## Introduction to NLP   at Karakun             Part 4    

# Sentiment analysis with Transformers
https://medium.com/atheros/text-classification-with-transformers-in-tensorflow-2-bert-2f4f16eff5ad

In [1]:
#!pip install transformers

In [2]:
## install ipywidgets for displaying progress bar: https://ipywidgets.readthedocs.io/en/stable/user_install.html
#!pip install ipywidgets
#!pip install transformers
#!jupyter nbextension enable --py widgetsnbextension

In [16]:
import tensorflow as tf
from tensorflow.keras.callbacks import EarlyStopping

from transformers import BertTokenizer as Tokenzier, TFBertForSequenceClassification as Classification
# from transformers import DistilBertTokenizer as Tokenizer, TFDistilBertForSequenceClassification as Classification
# from transformers import RobertaTokenizer as Tokenzier, TFRobertaForSequenceClassification as Classification

from sklearn.model_selection import train_test_split

import random
random.seed(0)

In [17]:
# see https://huggingface.co/transformers/pretrained_models.html
model_name = 'bert-base-uncased'
# model_name = 'distilbert-base-uncased'
# model_name = 'roberta-base'

# Load data

In [18]:
train_input = []
test_input  = []

with open('./Sentiment-Analysis-Data/IMDb/train-pos.txt','r') as f:
    for line in f:
        train_input.append((line,1))

with open('./Sentiment-Analysis-Data/IMDb/train-neg.txt','r') as f:
    for line in f:
        train_input.append((line,0))

with open('./Sentiment-Analysis-Data/IMDb/test-pos.txt','r') as f:
    for line in f:
        test_input.append((line,1))

with open('./Sentiment-Analysis-Data/IMDb/test-neg.txt','r') as f:
    for line in f:
        test_input.append((line,0))

random.shuffle(train_input)
random.shuffle(test_input)

In [19]:
N_test= int(len(test_input)/2)

eval_input = test_input[:N_test]
test_input = test_input[N_test:]

print(len(train_input),len(test_input),len(eval_input))

25000 12500 12500


# Prepare data

In [20]:
tokenizer = Tokenizer.from_pretrained(model_name, do_lower_case=True)
max_length = 512

def convert_example_to_feature(review):
    return tokenizer.encode_plus(
        review,                      
        add_special_tokens = True,    # add [CLS], [SEP]
        truncation=True,
        max_length = max_length,      # max length of the text that can go to BERT
        pad_to_max_length = True,     # add [PAD] tokens
        return_attention_mask = True, # add attention mask to not focus on pad tokens
    )

# map to the expected input to TFBertForSequenceClassification, see here 
def map_example_to_dict(input_ids, attention_masks, label):
    return {
      'input_ids': input_ids,
      'attention_mask': attention_masks,
    }, label

def encode_examples(ds):
    # prepare list, so that we can build up final TensorFlow dataset from slices.
    input_ids_list = []
    attention_mask_list = []
    label_list = []

    for review, label in ds:
        bert_input = convert_example_to_feature(review)

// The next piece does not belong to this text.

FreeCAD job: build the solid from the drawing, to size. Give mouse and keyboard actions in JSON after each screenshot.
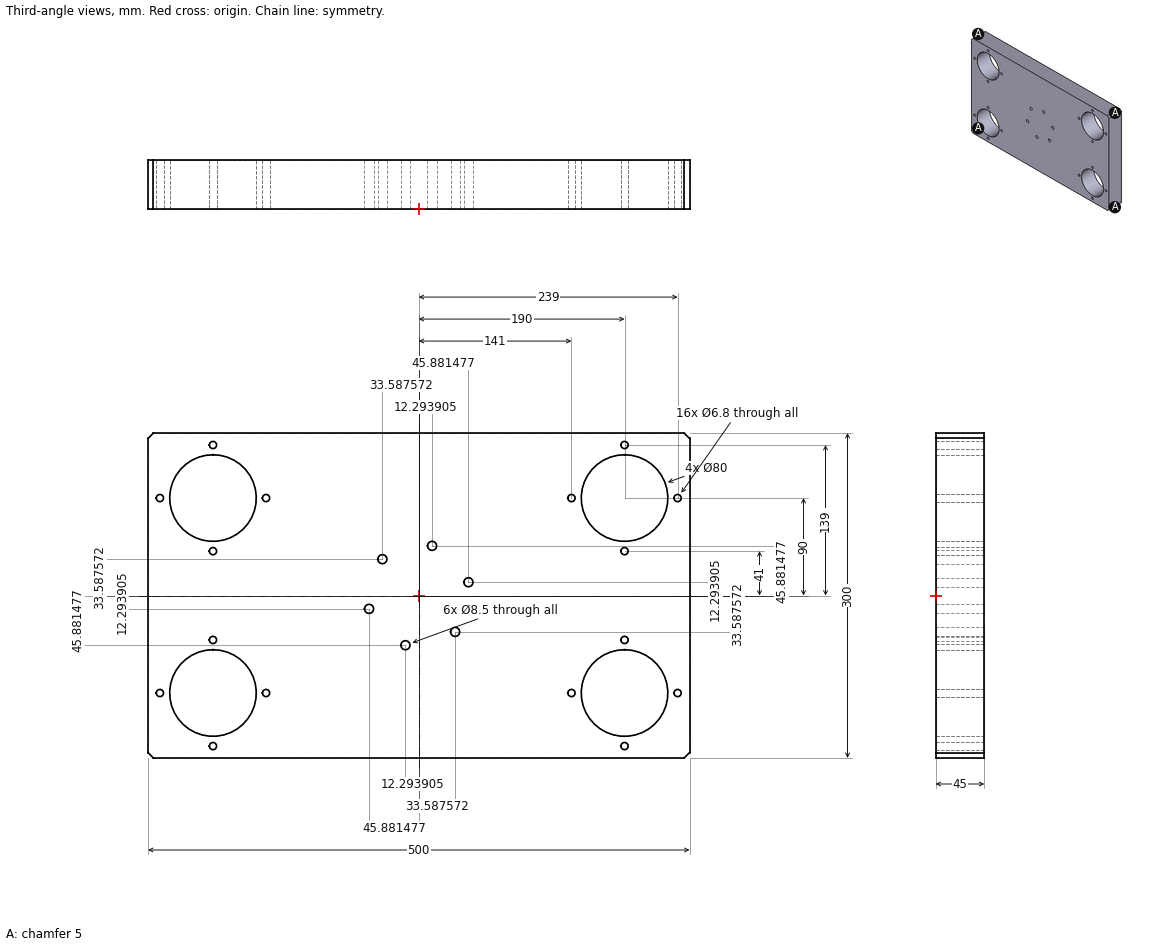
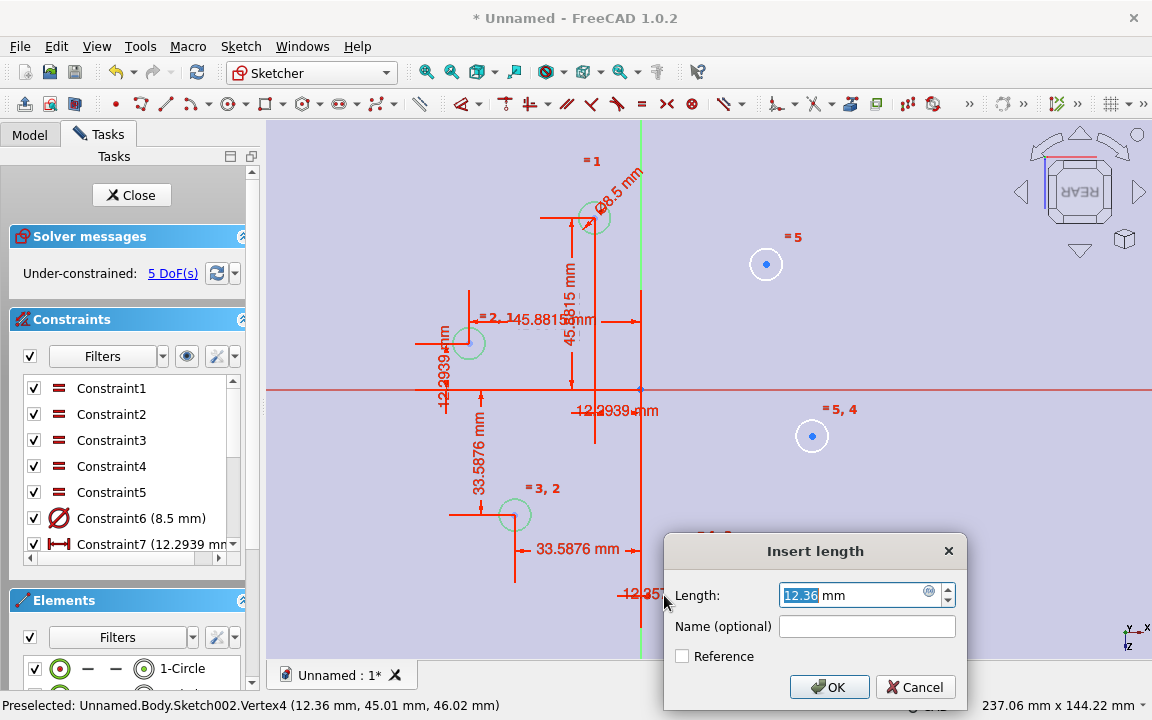
{"action": "type", "text": "12.293905"}
{"action": "key", "text": "Return"}
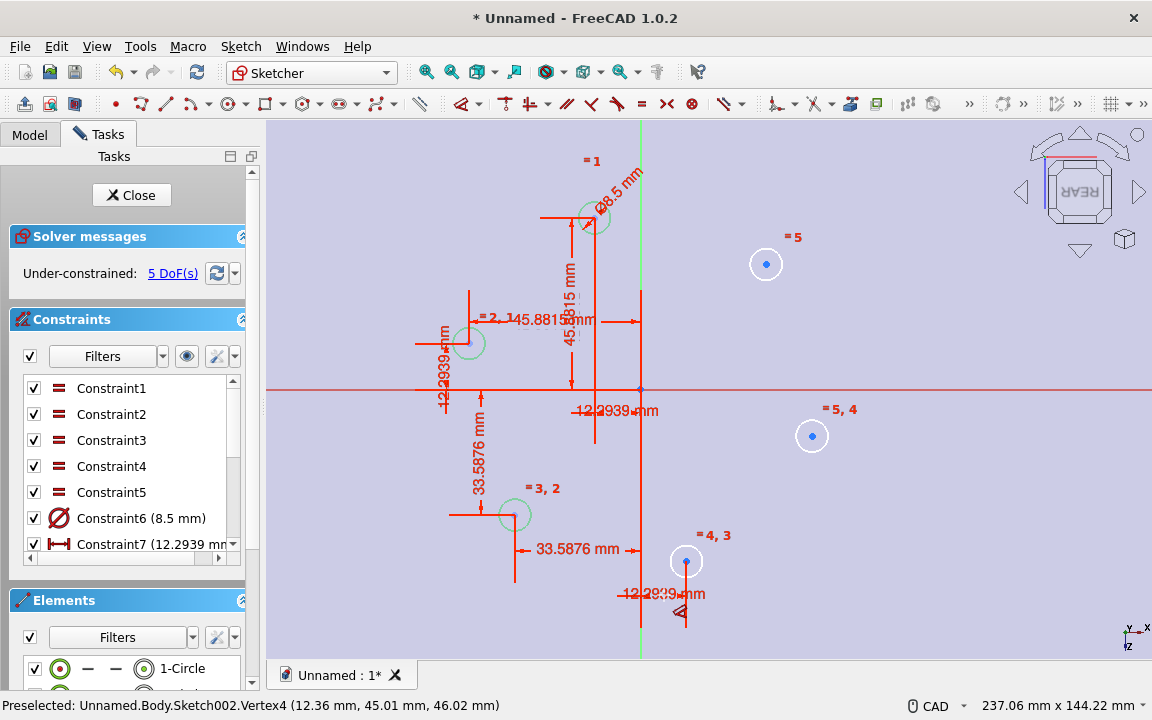
{"action": "left_click", "coordinate": [686, 561]}
{"action": "left_click", "coordinate": [720, 475]}
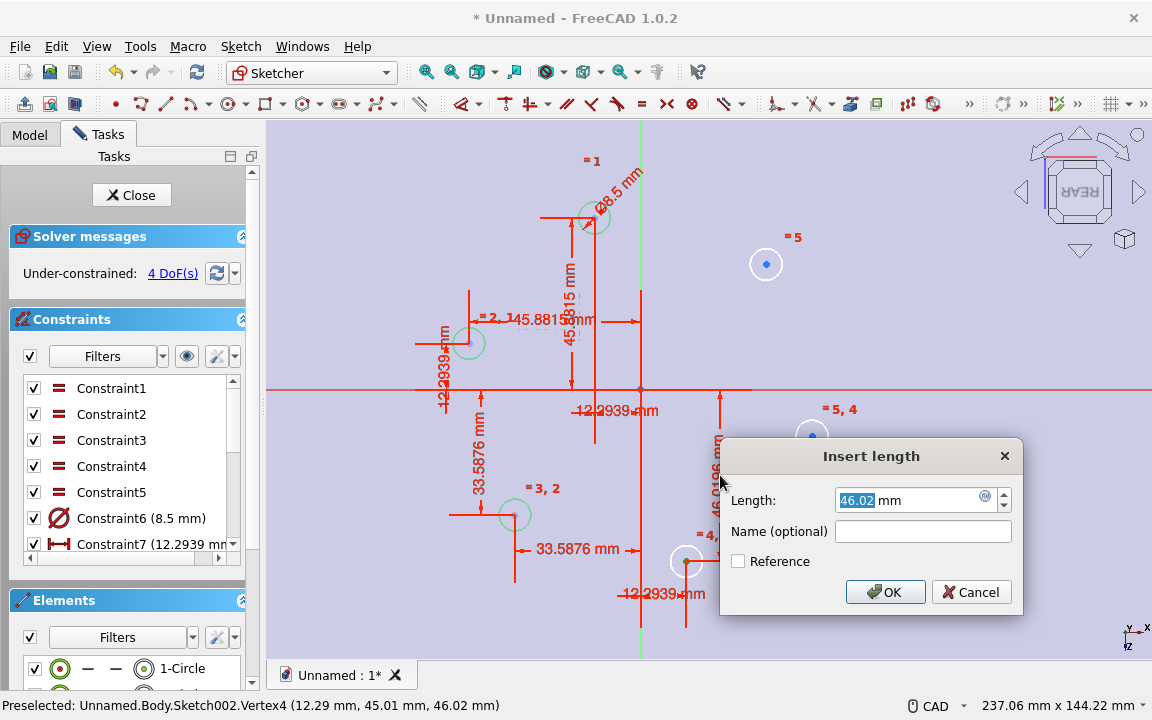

        input_ids_list.append(bert_input['input_ids'])
        attention_mask_list.append(bert_input['attention_mask'])
        label_list.append([label])
        
    return tf.data.Dataset.from_tensor_slices((input_ids_list, attention_mask_list, label_list)).map(map_example_to_dict)

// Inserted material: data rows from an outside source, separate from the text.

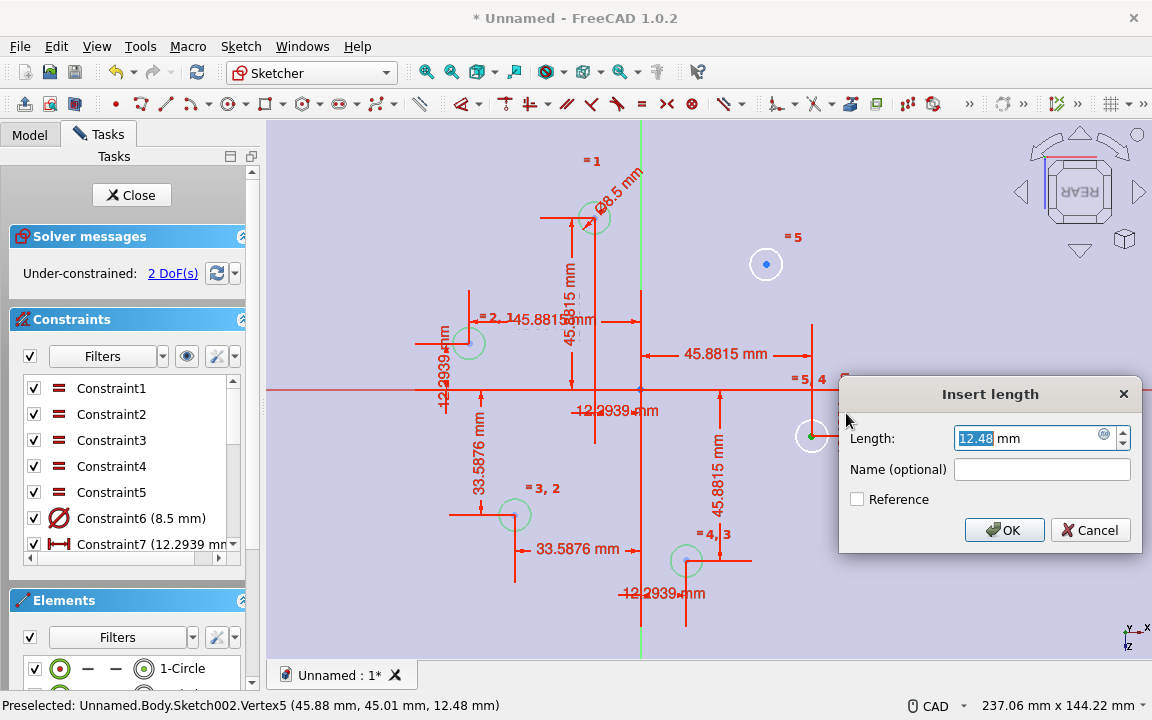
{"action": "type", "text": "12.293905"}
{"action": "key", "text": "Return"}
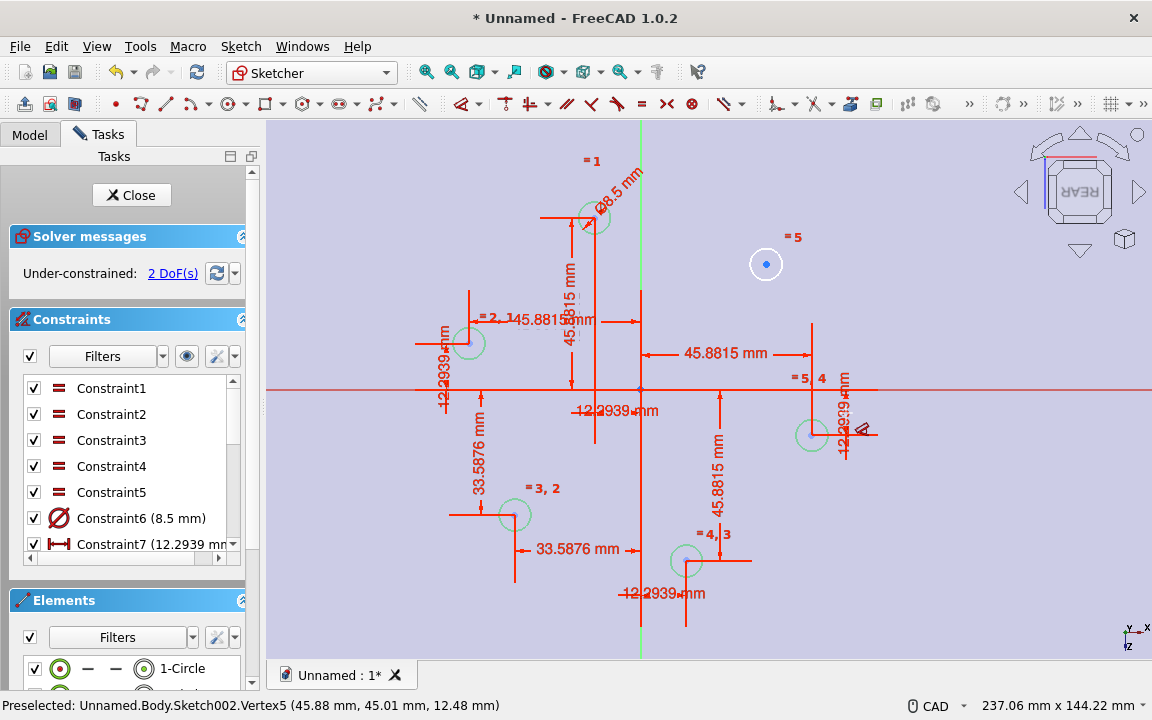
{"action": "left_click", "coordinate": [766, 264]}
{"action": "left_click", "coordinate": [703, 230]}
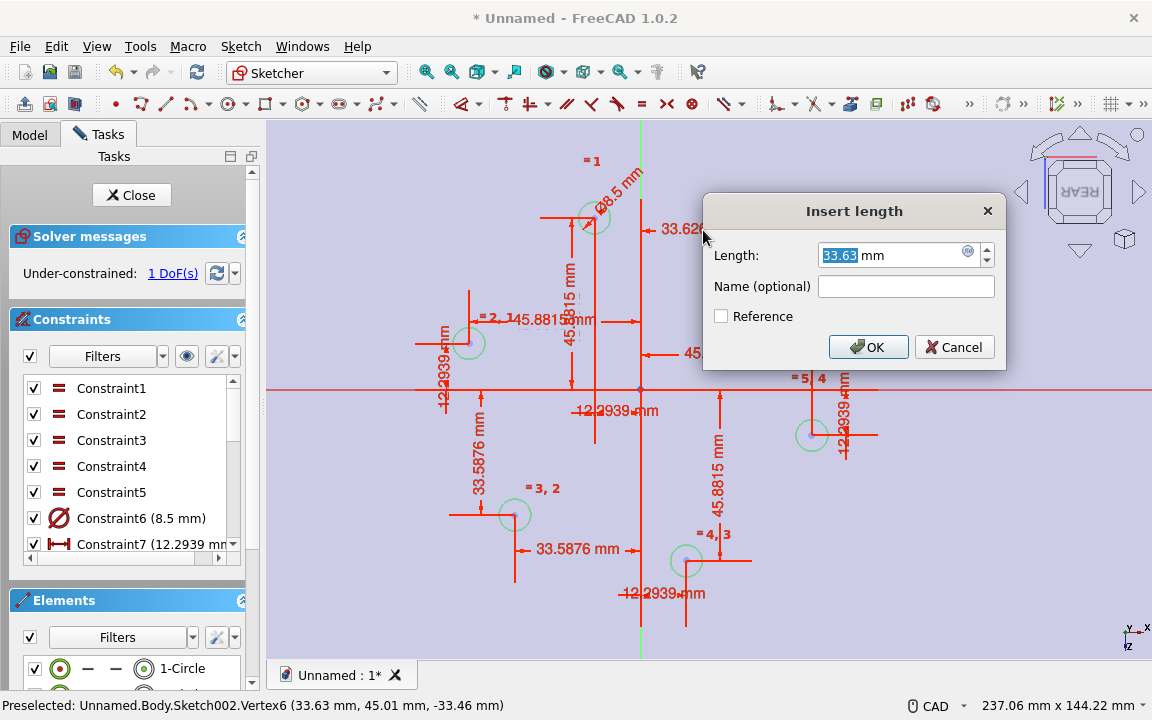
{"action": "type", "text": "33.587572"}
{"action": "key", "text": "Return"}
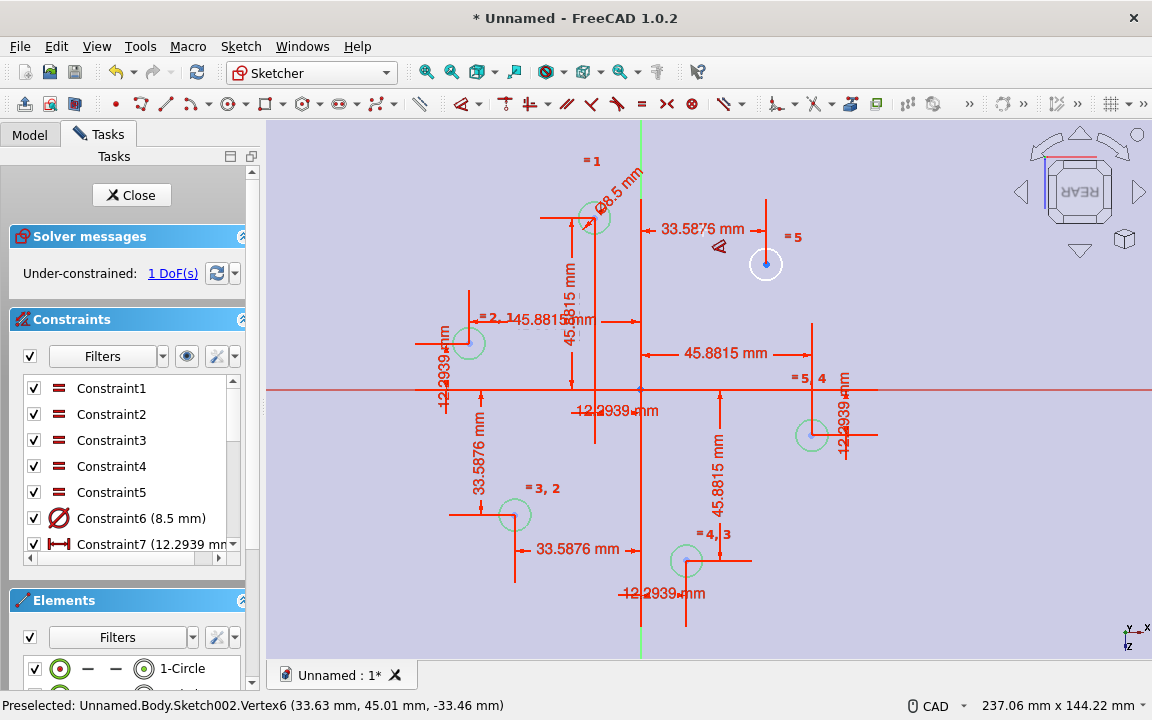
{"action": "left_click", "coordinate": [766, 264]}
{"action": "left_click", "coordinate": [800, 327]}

HBox(children=(FloatProgress(value=0.0, description='Downloading', max=231508.0, style=ProgressStyle(descripti…




In [21]:
batch_size = 8

ds_train_encoded = encode_examples(train_input).shuffle(len(train_input)).batch(batch_size)
ds_eval_encoded  = encode_examples(eval_input).batch(batch_size)

# Train model

In [22]:
# model initialization

model = Classification.from_pretrained(model_name)
# model = Classification.from_pretrained("/Users/christianr/Temp/Bert.h5")

HBox(children=(FloatProgress(value=0.0, description='Downloading', max=433.0, style=ProgressStyle(description_…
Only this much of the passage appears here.